A formidable contender in the religious-thriller genre.

THE BOOK OF 21

When a professor of folklore and his student are murdered, a Philadelphia detective is on the case.

Detective John McDonough plays a cat-and-mouse game to find who killed Professor Richard Dunglison and his student Ted Hallman. At the crime scene, the word “Hamlet” is written in blood, and Hallman mumbles “Poor Yorick,” to Dunglison’s severed head just before dying. Prior to Hallman’s death, he was working feverishly on a paper that would reveal the whereabouts of an ancient lost text. McDonough realizes that Hallman’s knowledge is what got him killed and his teacher dismembered. The detective finds Hallman’s notes inside a copy of Hamlet at Hallman’s apartment. In the course of 24 hours—a highly unfeasible time frame for all that ensues—McDonough is immersed in the world of academe: cryptic clues that involve church history, witchcraft, a kidnapping and the missing ancient book that purportedly imparts secret powers.

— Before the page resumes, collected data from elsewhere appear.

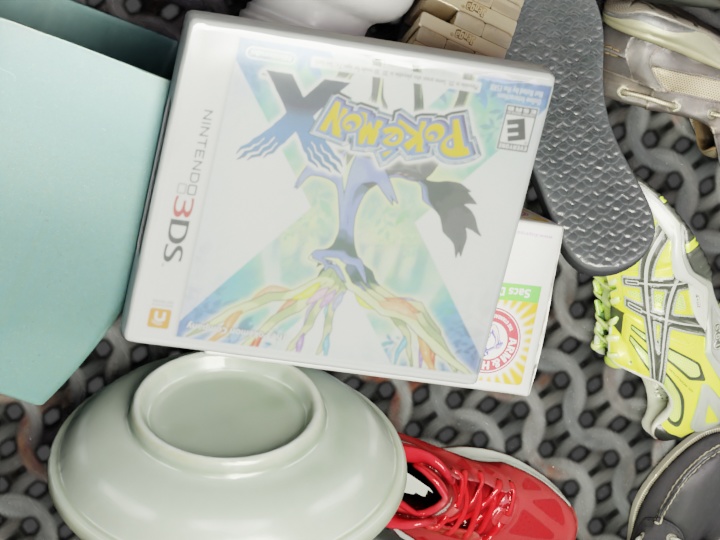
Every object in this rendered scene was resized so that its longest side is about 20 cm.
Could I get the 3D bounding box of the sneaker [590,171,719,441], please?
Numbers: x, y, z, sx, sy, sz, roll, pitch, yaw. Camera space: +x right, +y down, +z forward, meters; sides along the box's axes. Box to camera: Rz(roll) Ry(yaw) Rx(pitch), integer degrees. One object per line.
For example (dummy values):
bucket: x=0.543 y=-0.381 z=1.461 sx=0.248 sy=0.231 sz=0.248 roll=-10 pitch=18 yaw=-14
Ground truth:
sneaker: x=0.170 y=0.018 z=1.686 sx=0.076 sy=0.075 sz=0.200 roll=-34 pitch=108 yaw=-8

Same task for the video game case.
video game case: x=-0.013 y=-0.035 z=1.490 sx=0.200 sy=0.022 sz=0.183 roll=8 pitch=111 yaw=-16

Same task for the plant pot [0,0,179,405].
plant pot: x=-0.184 y=-0.041 z=1.532 sx=0.141 sy=0.141 sz=0.200 roll=20 pitch=101 yaw=-20

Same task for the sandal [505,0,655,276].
sandal: x=0.113 y=-0.091 z=1.636 sx=0.076 sy=0.043 sz=0.200 roll=-13 pitch=80 yaw=-6

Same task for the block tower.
block tower: x=0.052 y=-0.131 z=1.571 sx=0.054 sy=0.058 sz=0.200 roll=24 pitch=63 yaw=-10

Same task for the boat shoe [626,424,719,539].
boat shoe: x=0.192 y=0.190 z=1.735 sx=0.073 sy=0.063 sz=0.200 roll=31 pitch=91 yaw=-21

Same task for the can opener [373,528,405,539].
can opener: x=-0.057 y=0.143 z=1.604 sx=0.200 sy=0.066 sz=0.053 roll=26 pitch=109 yaw=17

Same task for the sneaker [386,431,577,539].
sneaker: x=0.052 y=0.142 z=1.653 sx=0.200 sy=0.116 sz=0.078 roll=18 pitch=96 yaw=-20

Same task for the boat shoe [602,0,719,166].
boat shoe: x=0.224 y=-0.101 z=1.685 sx=0.200 sy=0.075 sz=0.073 roll=23 pitch=104 yaw=-12

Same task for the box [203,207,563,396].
box: x=0.000 y=0.000 z=1.609 sx=0.200 sy=0.112 sz=0.102 roll=8 pitch=99 yaw=-20

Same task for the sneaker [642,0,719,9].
sneaker: x=0.236 y=-0.207 z=1.645 sx=0.201 sy=0.067 sz=0.108 roll=-4 pitch=102 yaw=-36

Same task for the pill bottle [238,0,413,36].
pill bottle: x=-0.002 y=-0.209 z=1.566 sx=0.104 sy=0.104 sz=0.200 roll=20 pitch=95 yaw=-20

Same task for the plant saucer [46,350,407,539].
plant saucer: x=-0.073 y=0.093 z=1.552 sx=0.200 sy=0.200 sz=0.050 roll=-8 pitch=125 yaw=-16

His investigation uncovers that a crooked cop is divulging information to those willing to kill for the book, and although the dirty one stands out among the suspects, Ohl does throw in a few surprising twists. The detective doesn’t know whom to trust as he deciphers the mystery surrounding a sect that broke from the church centuries ago and will stop at nothing to retrieve the lost tome. Amid the intricately plotted, Da Vinci Code-style story, a flirtatious dance develops between the detective and Amy Ritter, Dunglison’s student on whom McDonough relies for historical knowledge surrounding the mysterious Brethren of Roxborough, a local religious group that may hold the answer to the murders. A dizzying assemblage of clues, including a centuries-old letter, a lieutenant’s death and the appearance of an enigmatic woman named Sophia Mezzalura, pervade the first third of the story and lead McDonough and Ritter to an exhumation, where the pace finally accommodates the unraveling of the puzzle. Although some questions remain, such as what power the book purportedly bestows, Ohl delivers on many accounts, including a well-crafted cast, short, snappy chapters that move the action along and a touch of mystery at the end, which lends itself to a sequel. Ohl’s ambitious attempt at this debut novel bodes well for the next installment.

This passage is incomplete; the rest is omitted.